RC1: In this manuscript, the authors present a comprehensive study of water- and methanol-soluble chromophores and fluorophores in brown carbon (BrC) from aerosol samples collected year-round in Bangkok, using absorption and excitation-emission matrix (EEM) spectroscopies and numerical methods, including both parallel factor analysis (PMA) and positive matrix factorization (PMF). The selection and preparation of samples and the spectral and factor analyses are all well designed and carefully executed. The observations of chromophores and fluorophores together provide insights into the origin and fate of BrC in the atmosphere. For example, the PMA analysis of EEM observations indicates that atmospheric aging shifts the wavelengths of emission from fluorophores, as primary species react and secondary species form. The PMF analysis indicates that components most associated with absorption at 365 nm are largely emitted from biomass burning. These components are also characterized by long emission wavelengths, suggesting that the constituent molecules incorporate extended conjugated systems or charge-transfer interactions. With these and other impactful implications, the manuscript is suitable for publication in ACP. I have only technical and minor comments for the authors to consider.

AC1: We greatly appreciate the reviewer for recognizing the merits of this work and for providing valuable suggestions. These suggestions would help us improve the manuscript.

RC2: Line 31 - Please reword "these inferences exhibited a refutation".

AC2: Thanks for your suggestions, we have revised it as follows: which exhibited a different characteristic from primary biomass burning and coal combustion results. Please see line 31-32 in the revised manuscript.

RC3: Line 80 - Here and throughout the use of chromophore versus fluorophore is sometimes ambiguous. I would argue the claim in this sentence is not true, since many previous studies have explored the relationship between chromophores (i.e., the species that give a material its color) and BrC. If chromophores were to be replaced with fluorophores, or "fluorescent chromophores" as in line 94, the claim is not so problematic.

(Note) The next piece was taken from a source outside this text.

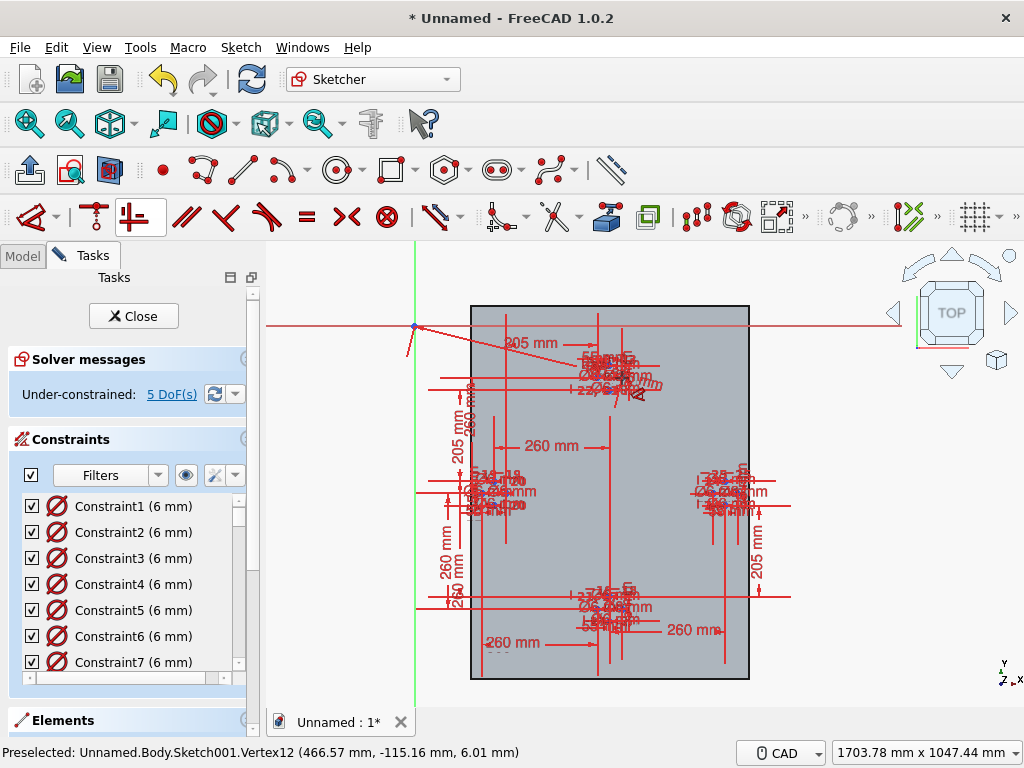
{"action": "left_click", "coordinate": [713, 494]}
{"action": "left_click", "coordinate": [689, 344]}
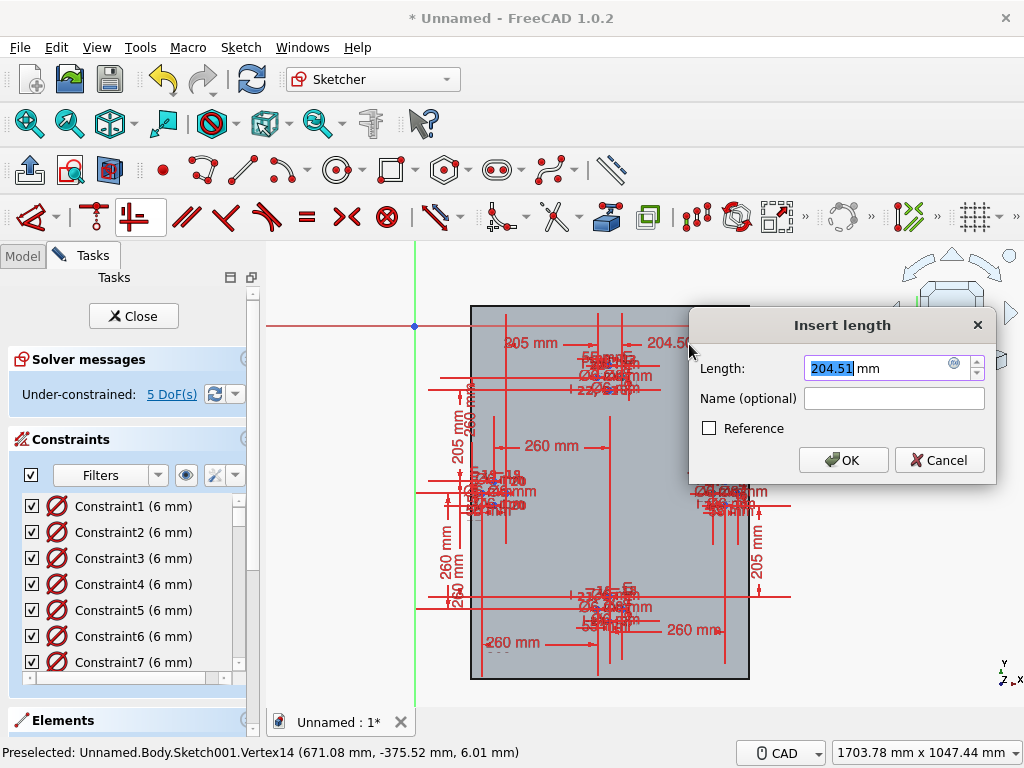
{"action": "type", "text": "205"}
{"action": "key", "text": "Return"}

AC3: Thanks for your suggestions. We did confuse “fluorophore” and “chromophore”. In the previous studies, for example, Lin et al. (2016, 2017, 2018) have investigated the relationship between chromophores and BrC using the combination of high-performance liquid chromatography (HPLC), photodiode array (PDA) spectrophotometry, and high-resolution mass spectrometry (HRMS). They identified BrC chromophores like polycyclic aromatic hydrocarbons (PAHs), heterocyclic O-PAHs and N-PAHs, nitro-phenols, et. The compounds can regard as chromophores. However, not all chromophores were fluorophores. In the study of Chen et al. (2019), they separately measured the light absorption and fluorescence properties of several nitrophenol standards, and the results showed strong light absorption properties, but no strong fluorescence signal was observed. Thus, we have replaced chromophores with “fluorescent chromophores” throughout the revised manuscript.

References:

Chen, Q., Mu, Z., Song, W., Wang, Y., Yang, Z., Zhang, L., and Zhang, Y. L.: Size‐Resolved Characterization of the Chromophores in Atmospheric Particulate Matter From a Typical Coal‐Burning City in China, J. Geophys. Res.-Atmos., 124, 10546-10563, https://doi.org/10.1029/2019jd031149, 2019.

Lin, P., Aiona, P. K., Li, Y., Shiraiwa, M., Laskin, J., Nizkorodov, S. A., and Laskin, A.: Molecular Characterization of Brown Carbon in Biomass Burning Aerosol Particles, Environ. Sci. Technol., 50, 11815-11824, https://doi.org/10.1021/acs.est.6b03024, 2016.

Lin, P., Bluvshtein, N., Rudich, Y., Nizkorodov, S. A., Laskin, J., and Laskin, A.: Molecular Chemistry of Atmospheric Brown Carbon Inferred from a Nationwide Biomass Burning Event, Environ. Sci. Technol., 51, 11561-11570, https://doi.org/10.1021/acs.est.7b02276, 2017.

Lin, P., Fleming, L. T., Nizkorodov, S. A., Laskin, J., and Laskin, A.: Comprehensive Molecular Characterization of Atmospheric Brown Carbon by High Resolution Mass Spectrometry with Electrospray and Atmospheric Pressure Photoionization, Anal. Chem., 90, 12493-12502, https://doi.org/10.1021/acs.analchem.8b02177, 2018.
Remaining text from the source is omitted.